**Instructions to follow:** Go through the entries, filter for the word "clockwise", and copy every line that has it.

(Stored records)
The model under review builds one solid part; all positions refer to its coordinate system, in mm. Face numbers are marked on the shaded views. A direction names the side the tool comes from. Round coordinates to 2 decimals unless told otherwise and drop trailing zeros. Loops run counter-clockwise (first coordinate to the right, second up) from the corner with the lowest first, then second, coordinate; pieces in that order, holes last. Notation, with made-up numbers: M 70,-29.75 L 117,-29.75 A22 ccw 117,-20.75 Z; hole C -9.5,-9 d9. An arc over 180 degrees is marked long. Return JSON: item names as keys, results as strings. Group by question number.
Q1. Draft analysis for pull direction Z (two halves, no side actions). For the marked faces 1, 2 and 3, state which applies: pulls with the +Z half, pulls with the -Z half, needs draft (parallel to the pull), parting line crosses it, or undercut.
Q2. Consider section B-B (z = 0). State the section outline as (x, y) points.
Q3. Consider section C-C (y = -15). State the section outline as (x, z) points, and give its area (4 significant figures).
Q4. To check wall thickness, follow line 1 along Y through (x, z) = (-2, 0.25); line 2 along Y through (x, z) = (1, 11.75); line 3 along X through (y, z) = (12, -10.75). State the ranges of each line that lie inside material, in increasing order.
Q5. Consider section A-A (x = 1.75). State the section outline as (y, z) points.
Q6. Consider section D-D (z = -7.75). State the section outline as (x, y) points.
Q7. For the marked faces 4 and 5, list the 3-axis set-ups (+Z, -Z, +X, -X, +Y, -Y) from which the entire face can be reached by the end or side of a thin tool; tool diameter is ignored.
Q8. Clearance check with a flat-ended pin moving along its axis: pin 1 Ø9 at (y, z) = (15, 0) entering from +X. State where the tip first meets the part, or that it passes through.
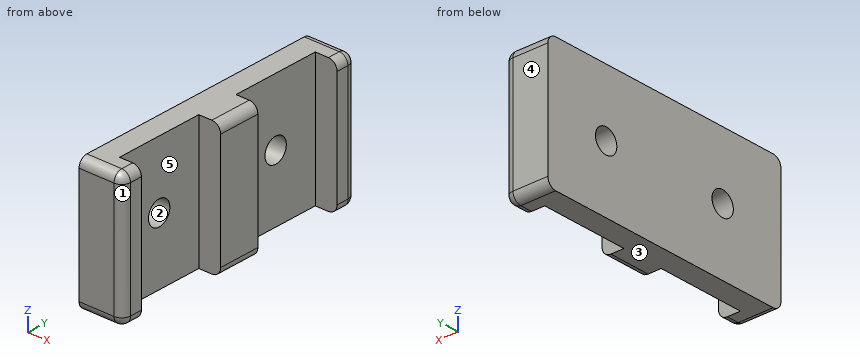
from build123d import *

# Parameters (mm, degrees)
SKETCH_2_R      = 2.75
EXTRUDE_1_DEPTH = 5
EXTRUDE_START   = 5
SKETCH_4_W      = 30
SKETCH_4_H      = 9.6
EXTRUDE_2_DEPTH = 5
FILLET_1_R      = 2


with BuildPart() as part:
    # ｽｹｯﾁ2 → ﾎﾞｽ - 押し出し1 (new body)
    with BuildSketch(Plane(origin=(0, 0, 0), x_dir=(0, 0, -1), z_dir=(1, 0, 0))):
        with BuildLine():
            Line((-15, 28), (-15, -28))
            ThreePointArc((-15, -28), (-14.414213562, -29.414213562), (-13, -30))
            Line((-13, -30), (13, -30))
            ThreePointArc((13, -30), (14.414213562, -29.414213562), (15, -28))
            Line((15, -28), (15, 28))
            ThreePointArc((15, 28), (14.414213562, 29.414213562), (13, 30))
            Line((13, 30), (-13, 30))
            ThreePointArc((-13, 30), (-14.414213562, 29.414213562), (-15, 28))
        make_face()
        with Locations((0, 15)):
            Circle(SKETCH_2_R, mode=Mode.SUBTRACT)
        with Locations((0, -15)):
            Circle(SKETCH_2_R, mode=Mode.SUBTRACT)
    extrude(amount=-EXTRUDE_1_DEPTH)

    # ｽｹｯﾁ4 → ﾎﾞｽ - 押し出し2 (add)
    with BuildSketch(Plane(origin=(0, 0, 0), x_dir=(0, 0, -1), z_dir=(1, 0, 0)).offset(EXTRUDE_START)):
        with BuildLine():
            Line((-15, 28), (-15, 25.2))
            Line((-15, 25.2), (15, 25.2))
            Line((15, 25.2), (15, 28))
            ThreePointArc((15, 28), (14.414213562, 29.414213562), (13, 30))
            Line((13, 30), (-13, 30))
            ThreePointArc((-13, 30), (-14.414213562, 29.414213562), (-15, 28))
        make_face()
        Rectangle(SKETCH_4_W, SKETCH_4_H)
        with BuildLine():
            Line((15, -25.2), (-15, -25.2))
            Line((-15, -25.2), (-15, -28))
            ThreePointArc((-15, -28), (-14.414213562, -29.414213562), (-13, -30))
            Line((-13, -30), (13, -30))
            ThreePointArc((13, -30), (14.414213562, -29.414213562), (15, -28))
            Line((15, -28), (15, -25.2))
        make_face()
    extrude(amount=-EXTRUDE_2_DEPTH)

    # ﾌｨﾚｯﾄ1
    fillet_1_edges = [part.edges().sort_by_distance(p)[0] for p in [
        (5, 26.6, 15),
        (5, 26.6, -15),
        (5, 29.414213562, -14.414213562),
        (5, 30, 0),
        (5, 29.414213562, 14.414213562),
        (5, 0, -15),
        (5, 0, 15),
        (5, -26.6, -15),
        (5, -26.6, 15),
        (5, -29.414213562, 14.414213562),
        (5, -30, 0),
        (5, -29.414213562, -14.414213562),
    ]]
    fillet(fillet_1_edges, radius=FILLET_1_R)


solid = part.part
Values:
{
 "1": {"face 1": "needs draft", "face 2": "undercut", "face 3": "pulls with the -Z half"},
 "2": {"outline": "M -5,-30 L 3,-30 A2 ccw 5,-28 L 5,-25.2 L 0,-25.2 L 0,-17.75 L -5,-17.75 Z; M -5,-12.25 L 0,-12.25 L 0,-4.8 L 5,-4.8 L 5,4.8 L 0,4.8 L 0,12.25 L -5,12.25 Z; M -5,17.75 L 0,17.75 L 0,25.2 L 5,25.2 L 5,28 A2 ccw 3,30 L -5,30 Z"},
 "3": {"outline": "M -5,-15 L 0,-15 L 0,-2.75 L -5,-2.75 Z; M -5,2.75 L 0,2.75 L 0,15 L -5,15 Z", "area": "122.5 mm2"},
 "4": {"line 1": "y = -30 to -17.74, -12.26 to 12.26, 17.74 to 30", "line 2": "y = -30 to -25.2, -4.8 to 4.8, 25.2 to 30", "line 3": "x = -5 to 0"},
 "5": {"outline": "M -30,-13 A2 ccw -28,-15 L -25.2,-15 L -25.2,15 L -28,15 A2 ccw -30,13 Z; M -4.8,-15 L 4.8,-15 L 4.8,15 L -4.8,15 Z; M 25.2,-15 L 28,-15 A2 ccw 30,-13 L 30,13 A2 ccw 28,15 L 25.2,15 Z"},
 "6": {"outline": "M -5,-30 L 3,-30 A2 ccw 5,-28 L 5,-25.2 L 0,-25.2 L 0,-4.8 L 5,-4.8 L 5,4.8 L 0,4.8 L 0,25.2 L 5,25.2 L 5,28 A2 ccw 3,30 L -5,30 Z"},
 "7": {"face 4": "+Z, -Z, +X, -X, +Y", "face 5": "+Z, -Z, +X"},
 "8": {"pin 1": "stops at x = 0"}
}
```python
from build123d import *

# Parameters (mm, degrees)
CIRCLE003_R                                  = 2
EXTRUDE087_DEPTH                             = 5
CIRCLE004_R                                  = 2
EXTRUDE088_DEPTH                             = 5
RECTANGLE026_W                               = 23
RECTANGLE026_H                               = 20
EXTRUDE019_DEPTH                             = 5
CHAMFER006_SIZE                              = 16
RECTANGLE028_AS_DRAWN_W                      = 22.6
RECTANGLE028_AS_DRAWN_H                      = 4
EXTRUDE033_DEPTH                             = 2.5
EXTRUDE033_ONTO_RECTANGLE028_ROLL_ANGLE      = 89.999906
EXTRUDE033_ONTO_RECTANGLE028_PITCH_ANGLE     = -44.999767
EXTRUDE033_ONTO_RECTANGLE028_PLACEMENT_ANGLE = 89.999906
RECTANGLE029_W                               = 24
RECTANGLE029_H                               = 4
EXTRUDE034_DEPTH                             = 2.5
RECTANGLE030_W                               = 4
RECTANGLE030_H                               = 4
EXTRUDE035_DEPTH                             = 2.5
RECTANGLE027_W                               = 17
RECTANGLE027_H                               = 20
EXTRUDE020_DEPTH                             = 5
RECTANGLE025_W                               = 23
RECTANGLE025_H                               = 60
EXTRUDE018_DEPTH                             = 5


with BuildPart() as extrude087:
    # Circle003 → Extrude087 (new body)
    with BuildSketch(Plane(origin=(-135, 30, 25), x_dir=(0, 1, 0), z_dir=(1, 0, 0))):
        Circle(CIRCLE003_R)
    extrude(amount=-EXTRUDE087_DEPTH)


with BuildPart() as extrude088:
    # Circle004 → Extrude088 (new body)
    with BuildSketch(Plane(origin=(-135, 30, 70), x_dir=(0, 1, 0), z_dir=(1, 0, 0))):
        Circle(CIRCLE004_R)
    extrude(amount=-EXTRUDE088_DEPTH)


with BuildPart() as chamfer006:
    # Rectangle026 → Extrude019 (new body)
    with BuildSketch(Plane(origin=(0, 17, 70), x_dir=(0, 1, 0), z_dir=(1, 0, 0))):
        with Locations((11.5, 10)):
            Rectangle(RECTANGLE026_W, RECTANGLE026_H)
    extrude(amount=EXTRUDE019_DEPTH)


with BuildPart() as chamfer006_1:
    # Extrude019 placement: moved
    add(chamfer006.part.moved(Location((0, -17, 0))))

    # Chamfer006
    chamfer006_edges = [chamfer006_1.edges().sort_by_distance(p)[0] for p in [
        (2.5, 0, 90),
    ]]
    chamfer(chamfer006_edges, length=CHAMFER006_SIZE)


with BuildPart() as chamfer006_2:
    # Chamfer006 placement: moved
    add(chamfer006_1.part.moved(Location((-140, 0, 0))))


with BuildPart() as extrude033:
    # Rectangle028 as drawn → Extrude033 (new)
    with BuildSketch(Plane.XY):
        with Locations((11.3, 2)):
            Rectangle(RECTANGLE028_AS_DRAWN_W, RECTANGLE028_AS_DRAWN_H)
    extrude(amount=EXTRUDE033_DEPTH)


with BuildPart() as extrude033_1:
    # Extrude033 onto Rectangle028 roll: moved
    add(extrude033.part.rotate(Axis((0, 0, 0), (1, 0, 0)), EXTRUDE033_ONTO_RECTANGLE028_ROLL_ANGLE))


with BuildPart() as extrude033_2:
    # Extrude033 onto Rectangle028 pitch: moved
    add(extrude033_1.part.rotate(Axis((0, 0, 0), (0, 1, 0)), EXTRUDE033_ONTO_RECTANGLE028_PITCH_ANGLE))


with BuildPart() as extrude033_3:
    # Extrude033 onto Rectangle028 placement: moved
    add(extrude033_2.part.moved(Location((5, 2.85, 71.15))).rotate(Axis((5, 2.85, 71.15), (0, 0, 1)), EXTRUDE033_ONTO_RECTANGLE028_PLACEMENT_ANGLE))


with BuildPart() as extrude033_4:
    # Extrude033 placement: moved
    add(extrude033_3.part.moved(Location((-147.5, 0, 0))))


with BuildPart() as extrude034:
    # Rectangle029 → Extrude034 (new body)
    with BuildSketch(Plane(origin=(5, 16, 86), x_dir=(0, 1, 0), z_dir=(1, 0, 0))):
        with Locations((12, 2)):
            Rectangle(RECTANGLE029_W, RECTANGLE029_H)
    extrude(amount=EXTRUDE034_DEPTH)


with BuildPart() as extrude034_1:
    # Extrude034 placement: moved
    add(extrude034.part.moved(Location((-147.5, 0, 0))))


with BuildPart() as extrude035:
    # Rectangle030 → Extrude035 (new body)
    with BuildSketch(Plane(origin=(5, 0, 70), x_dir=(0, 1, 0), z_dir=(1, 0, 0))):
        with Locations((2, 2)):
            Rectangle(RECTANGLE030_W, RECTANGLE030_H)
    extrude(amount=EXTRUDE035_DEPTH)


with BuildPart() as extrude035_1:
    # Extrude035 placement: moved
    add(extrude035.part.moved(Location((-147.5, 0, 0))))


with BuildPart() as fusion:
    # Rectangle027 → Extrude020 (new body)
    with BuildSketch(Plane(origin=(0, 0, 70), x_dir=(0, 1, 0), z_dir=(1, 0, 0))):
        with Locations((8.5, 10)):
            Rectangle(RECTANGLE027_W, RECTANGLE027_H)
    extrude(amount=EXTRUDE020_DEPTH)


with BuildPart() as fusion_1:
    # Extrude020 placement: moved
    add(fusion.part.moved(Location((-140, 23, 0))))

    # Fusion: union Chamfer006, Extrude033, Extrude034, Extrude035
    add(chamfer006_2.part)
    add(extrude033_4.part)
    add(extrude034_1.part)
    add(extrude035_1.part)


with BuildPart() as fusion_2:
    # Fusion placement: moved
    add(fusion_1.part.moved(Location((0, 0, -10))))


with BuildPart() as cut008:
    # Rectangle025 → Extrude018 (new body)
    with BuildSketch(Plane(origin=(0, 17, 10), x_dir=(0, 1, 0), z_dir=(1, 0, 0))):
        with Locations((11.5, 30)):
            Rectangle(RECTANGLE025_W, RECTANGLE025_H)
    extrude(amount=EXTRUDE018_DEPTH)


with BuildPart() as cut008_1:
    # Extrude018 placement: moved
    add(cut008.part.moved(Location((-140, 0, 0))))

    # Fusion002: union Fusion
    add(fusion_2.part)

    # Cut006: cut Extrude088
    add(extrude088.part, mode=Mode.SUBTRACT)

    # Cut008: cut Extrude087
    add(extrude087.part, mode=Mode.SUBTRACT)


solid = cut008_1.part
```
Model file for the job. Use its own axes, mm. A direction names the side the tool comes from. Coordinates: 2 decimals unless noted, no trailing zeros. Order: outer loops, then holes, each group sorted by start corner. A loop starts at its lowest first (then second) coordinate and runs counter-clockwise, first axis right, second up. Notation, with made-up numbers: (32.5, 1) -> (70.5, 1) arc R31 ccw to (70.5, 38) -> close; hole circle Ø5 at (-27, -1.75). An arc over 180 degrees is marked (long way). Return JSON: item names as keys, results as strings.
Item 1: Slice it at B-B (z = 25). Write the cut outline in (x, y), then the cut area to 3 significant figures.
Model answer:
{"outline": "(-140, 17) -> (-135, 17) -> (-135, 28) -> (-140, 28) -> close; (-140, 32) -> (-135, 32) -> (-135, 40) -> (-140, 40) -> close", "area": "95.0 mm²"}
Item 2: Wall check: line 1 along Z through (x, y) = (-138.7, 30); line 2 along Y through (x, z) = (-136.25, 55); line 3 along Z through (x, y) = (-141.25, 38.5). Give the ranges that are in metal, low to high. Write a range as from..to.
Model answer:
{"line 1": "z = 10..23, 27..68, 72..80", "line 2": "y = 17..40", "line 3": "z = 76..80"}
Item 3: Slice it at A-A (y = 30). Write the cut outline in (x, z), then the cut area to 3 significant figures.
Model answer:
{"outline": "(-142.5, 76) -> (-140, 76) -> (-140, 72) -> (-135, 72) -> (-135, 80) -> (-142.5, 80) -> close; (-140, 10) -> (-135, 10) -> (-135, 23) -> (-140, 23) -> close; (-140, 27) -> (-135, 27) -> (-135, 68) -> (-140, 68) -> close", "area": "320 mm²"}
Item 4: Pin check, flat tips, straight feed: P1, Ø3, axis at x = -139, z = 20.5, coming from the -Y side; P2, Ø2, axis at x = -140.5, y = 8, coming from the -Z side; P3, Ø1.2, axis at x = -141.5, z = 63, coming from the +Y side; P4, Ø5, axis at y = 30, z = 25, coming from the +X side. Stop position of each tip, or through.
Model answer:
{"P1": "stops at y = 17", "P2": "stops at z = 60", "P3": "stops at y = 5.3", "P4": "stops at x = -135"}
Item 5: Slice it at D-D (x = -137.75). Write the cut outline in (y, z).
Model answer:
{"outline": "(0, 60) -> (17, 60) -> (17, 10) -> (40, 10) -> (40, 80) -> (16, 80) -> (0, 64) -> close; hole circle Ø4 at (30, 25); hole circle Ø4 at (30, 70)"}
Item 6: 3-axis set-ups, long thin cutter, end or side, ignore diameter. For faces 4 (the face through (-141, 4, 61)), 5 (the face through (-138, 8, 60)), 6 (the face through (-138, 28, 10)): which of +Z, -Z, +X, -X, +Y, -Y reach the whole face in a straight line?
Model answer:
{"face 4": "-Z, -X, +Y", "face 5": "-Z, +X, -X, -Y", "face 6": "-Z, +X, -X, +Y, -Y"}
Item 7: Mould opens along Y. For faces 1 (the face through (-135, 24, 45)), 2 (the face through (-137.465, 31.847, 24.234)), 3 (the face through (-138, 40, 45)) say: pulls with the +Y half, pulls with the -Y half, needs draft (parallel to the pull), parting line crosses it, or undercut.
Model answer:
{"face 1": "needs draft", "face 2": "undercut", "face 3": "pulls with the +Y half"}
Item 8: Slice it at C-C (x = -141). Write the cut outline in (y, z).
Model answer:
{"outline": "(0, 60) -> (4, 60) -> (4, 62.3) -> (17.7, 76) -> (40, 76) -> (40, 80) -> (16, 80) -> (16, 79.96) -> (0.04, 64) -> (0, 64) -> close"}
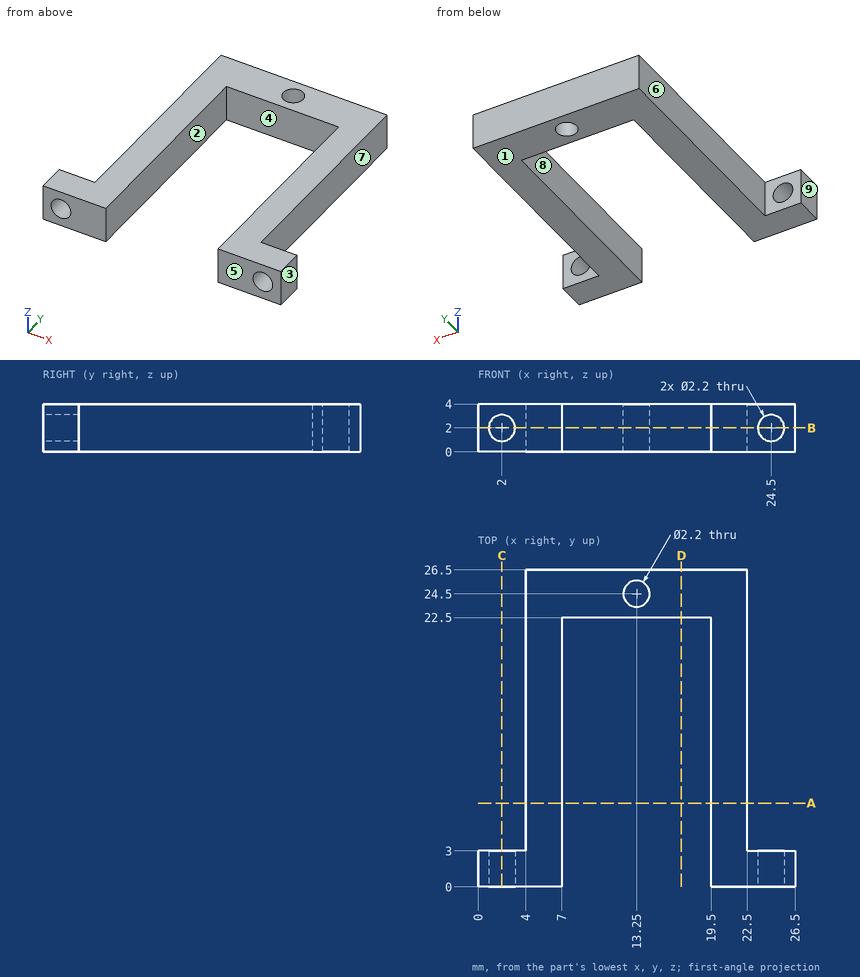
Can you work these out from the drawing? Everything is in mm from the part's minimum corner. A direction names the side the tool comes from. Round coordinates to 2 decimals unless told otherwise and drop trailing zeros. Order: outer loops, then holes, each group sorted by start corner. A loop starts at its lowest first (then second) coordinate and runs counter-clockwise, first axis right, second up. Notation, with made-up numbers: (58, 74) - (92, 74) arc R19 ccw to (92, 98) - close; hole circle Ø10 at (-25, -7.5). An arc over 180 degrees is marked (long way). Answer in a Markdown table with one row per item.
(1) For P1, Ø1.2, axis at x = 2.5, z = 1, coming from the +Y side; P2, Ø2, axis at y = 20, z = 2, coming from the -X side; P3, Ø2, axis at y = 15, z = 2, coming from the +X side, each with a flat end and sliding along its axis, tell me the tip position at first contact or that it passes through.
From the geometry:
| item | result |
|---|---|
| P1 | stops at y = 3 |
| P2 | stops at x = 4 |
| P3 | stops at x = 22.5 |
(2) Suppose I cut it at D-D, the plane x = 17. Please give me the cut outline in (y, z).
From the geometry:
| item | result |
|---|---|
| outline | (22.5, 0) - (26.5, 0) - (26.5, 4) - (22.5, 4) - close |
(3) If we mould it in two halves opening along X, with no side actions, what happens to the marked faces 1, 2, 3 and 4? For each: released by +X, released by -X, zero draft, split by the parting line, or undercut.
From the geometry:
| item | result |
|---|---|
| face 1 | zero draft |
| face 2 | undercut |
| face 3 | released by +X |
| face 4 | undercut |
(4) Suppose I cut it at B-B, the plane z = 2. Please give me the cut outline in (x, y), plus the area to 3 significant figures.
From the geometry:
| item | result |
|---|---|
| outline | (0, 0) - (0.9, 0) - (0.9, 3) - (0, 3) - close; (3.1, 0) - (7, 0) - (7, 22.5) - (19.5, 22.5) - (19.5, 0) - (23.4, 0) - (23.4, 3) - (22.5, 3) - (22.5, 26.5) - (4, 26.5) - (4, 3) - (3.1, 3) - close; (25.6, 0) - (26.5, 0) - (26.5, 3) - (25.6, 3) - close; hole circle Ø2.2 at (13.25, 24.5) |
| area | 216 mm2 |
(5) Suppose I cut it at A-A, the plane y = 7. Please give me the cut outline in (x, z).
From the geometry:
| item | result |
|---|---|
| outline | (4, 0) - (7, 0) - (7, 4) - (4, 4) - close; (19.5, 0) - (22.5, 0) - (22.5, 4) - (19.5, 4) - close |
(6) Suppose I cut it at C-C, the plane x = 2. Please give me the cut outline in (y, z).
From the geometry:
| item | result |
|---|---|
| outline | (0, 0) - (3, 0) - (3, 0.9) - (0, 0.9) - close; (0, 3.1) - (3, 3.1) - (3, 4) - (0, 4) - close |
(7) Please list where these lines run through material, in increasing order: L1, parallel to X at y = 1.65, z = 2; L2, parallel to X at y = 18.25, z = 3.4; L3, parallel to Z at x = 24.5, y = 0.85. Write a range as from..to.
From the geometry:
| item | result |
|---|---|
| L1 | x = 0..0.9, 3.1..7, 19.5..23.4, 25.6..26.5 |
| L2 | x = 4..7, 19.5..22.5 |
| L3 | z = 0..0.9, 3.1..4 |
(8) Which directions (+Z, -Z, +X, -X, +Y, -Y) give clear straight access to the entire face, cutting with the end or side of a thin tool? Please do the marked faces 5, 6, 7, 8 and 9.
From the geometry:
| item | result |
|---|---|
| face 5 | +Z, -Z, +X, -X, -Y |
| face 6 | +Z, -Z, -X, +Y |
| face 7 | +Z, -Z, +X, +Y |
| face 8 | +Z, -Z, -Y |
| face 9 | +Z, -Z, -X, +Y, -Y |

**Result of this task:**
The model under review builds one solid part; all positions refer to its coordinate system, in mm. Face numbers are marked on the shaded views. A direction names the side the tool comes from. Round coordinates to 2 decimals unless told otherwise and drop trailing zeros. Loops run counter-clockwise (first coordinate to the right, second up) from the corner with the lowest first, then second, coordinate; pieces in that order, holes last. Notation, with made-up numbers: M 70,-29.75 L 117,-29.75 A22 ccw 117,-20.75 Z; hole C -9.5,-9 d9. An arc over 180 degrees is marked long. Return JSON: item names as keys, results as strings. Group by question number.
Model file for the job. Use its own axes, mm. A direction names the side the tool comes from. Coordinates: 2 decimals unless noted, no trailing zeros. Order: outer loops, then holes, each group sorted by start corner. A loop starts at its lowest first (then second) coordinate and runs counter-clockwise, first axis right, second up. Notation, with made-up numbers: (32.5, 1) -> (70.5, 1) arc R31 ccw to (70.5, 38) -> close; hole circle Ø5 at (-27, -1.75). An arc over 180 degrees is marked (long way). Return JSON: item names as keys, results as strings.
Can you work these out from the drawing? Everything is in mm from the part's minimum corner. A direction names the side the tool comes from. Round coordinates to 2 decimals unless told otherwise and drop trailing zeros. Order: outer loops, then holes, each group sorted by start corner. A loop starts at its lowest first (then second) coordinate and runs counter-clockwise, first axis right, second up. Notation, with made-up numbers: (58, 74) - (92, 74) arc R19 ccw to (92, 98) - close; hole circle Ø10 at (-25, -7.5). An arc over 180 degrees is marked (long way). Answer in a Markdown table with one row per item.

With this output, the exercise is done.